DeSena will speak at Markets Media’s Summer Trading Network, a fintech-themed event that will be held at Carnegie Hall in New York City on Wednesday, July 15.

The idea of SenaHill was spawned in 2012, when DeSena and Brownhill — whose kids’ activities in their Manhattan neighborhood brought them together — brainstormed. Both men were getting calls from friends in the industry who were looking for help in developing fintech products; perhaps they would start a fintech-focused VC or private equity firm.

Neil Desena, SenaHill

Neil DeSena, SenaHill

As we fleshed out the idea, we realized the model that we wanted to go forward with was a combination of principal investing and investment banking — a true merchant bank model,” DeSena said. “We wanted to take advantage of our knowledge and our history in the industry as people who had started, grown and had successful exits with our own companies.”

Brownhill had been founder and CEO of The Receivables Exchange, which The Wall Street Journal named as the world’s most innovative e-commerce company in 2010. Previously, Brownhill held executive positions at Citigroup and Lava Trading.

“Rather than doing what a lot of people do, which is invest a little, advise a little, we thought we’d be the first company to really institutionalize the process with bonafide 20+ year executives who have been operators, advisors, and/or investors,” Brownhill said. “Seven of our eight managing directors have founded a company and gone through the trials and tribulations of raising capital. Most of us have had to fund payroll out of pocket at some point in our careers.
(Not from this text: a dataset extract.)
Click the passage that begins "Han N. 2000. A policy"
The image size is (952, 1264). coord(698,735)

And we’ve all had successful exits.”

“We know what early entrepreneurs and the operators are going through,” Brownhill continued. “We bring institutional capital, institutional insights and operating overlay to small emerging companies in the fintech arena. Everything we do is around financial technology, and hopefully we see value in companies before any other institution gets involved. We invest with a pre-venture capital, pre-private equity perspective.”

SenaHill Investment Group met its 1,000th company last month. The investment group looks for who can be truly disruptive players, and gauges how much and how quickly they would be able to help a company succeed. SenaHill’s average investment is in the order of $250,000 to $500,000.
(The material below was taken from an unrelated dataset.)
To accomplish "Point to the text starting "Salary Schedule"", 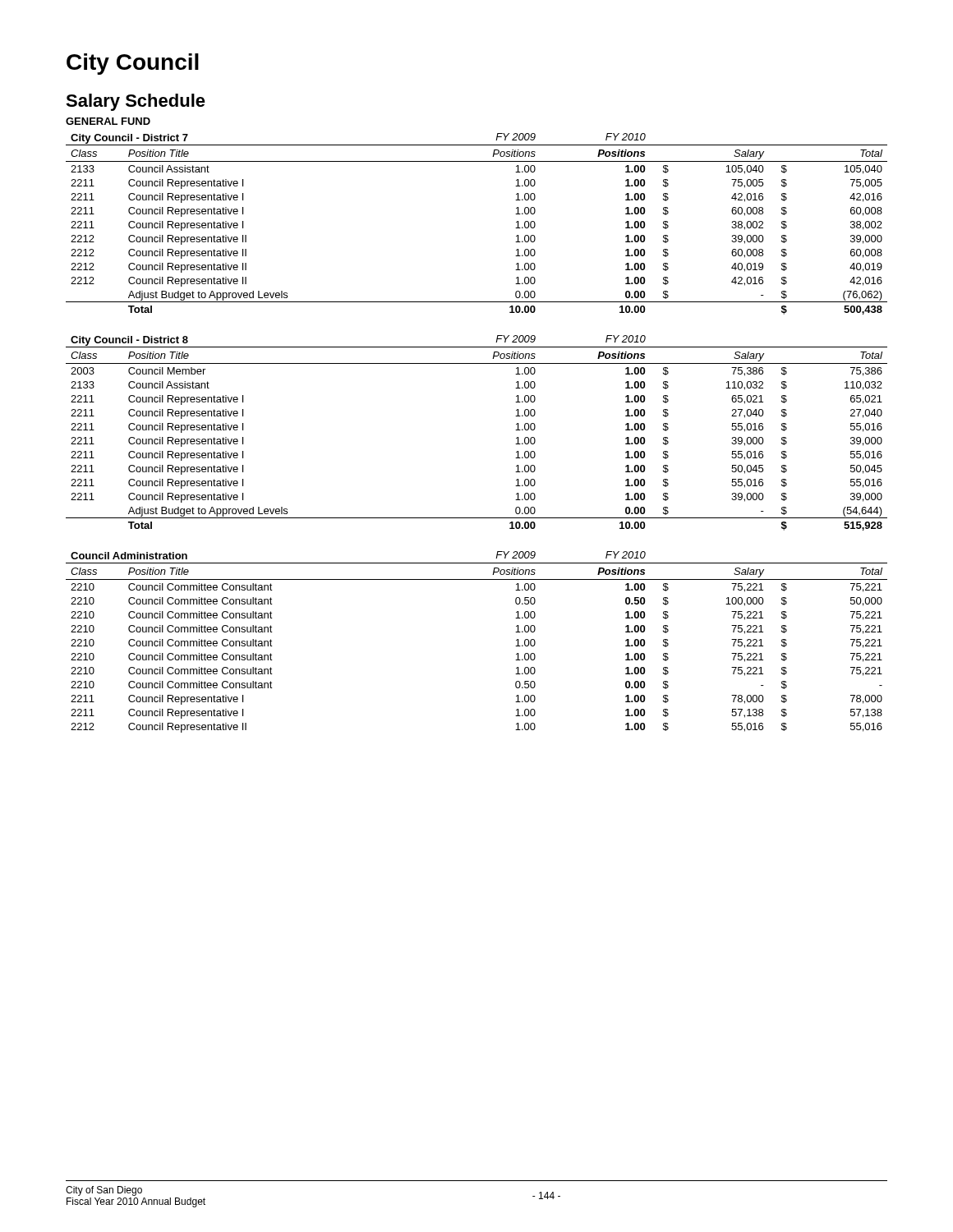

“We’re not always the largest check, but we like to think we’re the most important, because with our check comes us,” Brownhill said. “We make a very strong operating and executive overlay investment that we call business acceleration. We help with planning, the road-mapping, the technology, business direction, pricing and the overall opportunity. Then we help them execute and focus on revenue generation.”
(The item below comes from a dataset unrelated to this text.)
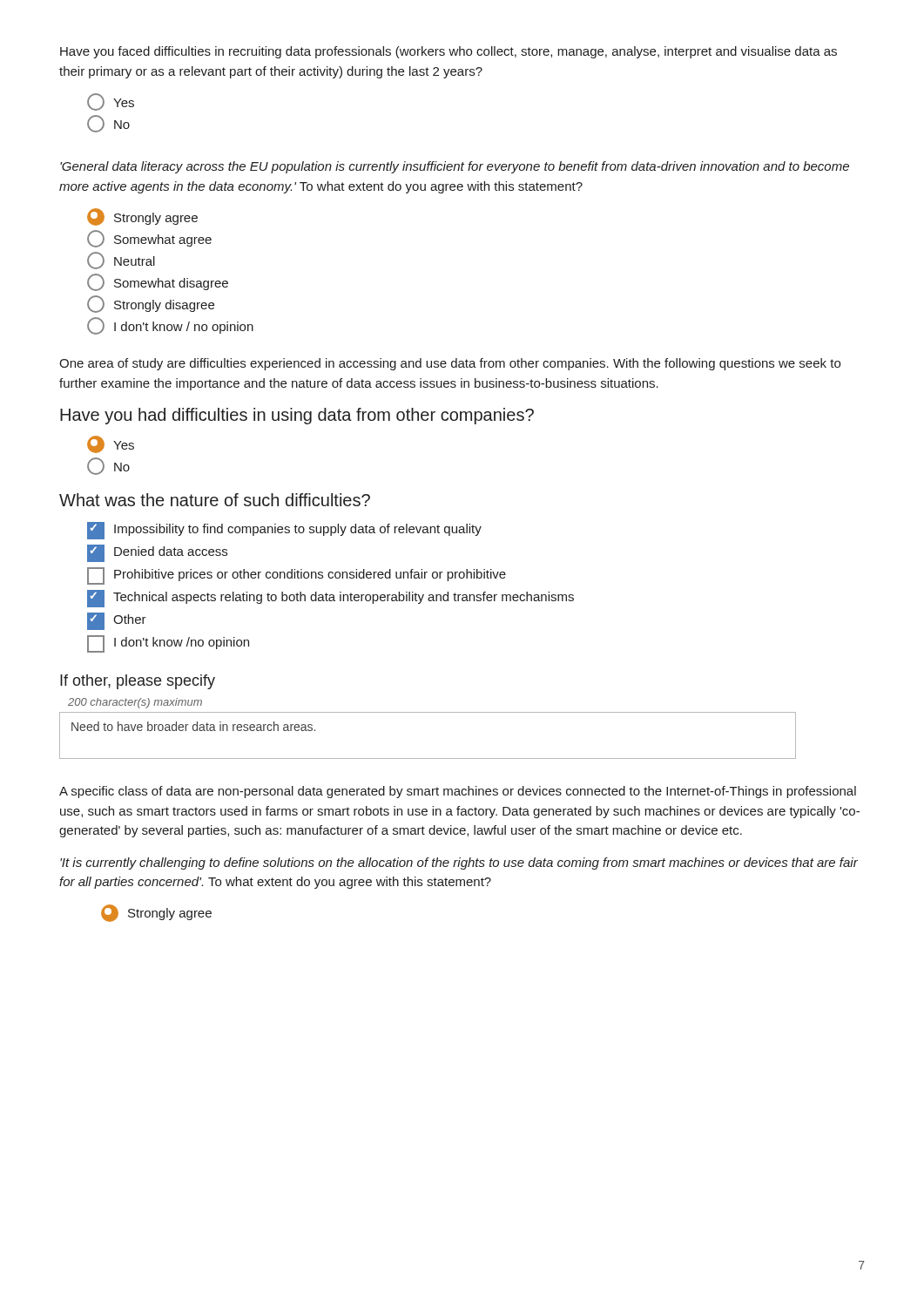Screen dimensions: 1307x924
Task: Find the block on this page that starts "Have you faced difficulties in recruiting"
Action: pyautogui.click(x=448, y=61)

Kicking tires and selecting who to move forward with isn’t easy, but as Brownhill noted, the hard work really begins post-investment, as the fledgling faces tough competition from established players including banks, brokers, exchanges, and fintech conglomerates.

The fintech startups are “not necessarily structured and initially organized in a way where they can have their eyes and ears low to the ground,” Brownhill explained. “They trust us, and look to us as a guide and a filter, to help them understand what great things are out there specific to their business needs.”

“In the second phase, the growth phase, we bring our investment banking prowess to bear,” Brownhill said. “We partner with people from a growth capital standpoint, help them find the right financial and strategic investors and other co-investors and lead investors.”

SenaHill Advisors has participated in about 20 growth capital raises since its formation about a year ago, and the group recently announced its first fintech M&A transaction.

Ultimately, it’s the people behind the operation that will determine success for SenaHill. “If you scour the industry including larger investment banking groups and venture capital firms, you’d be hard-pressed to find a group of individuals like the team we have assembled,” DeSena said.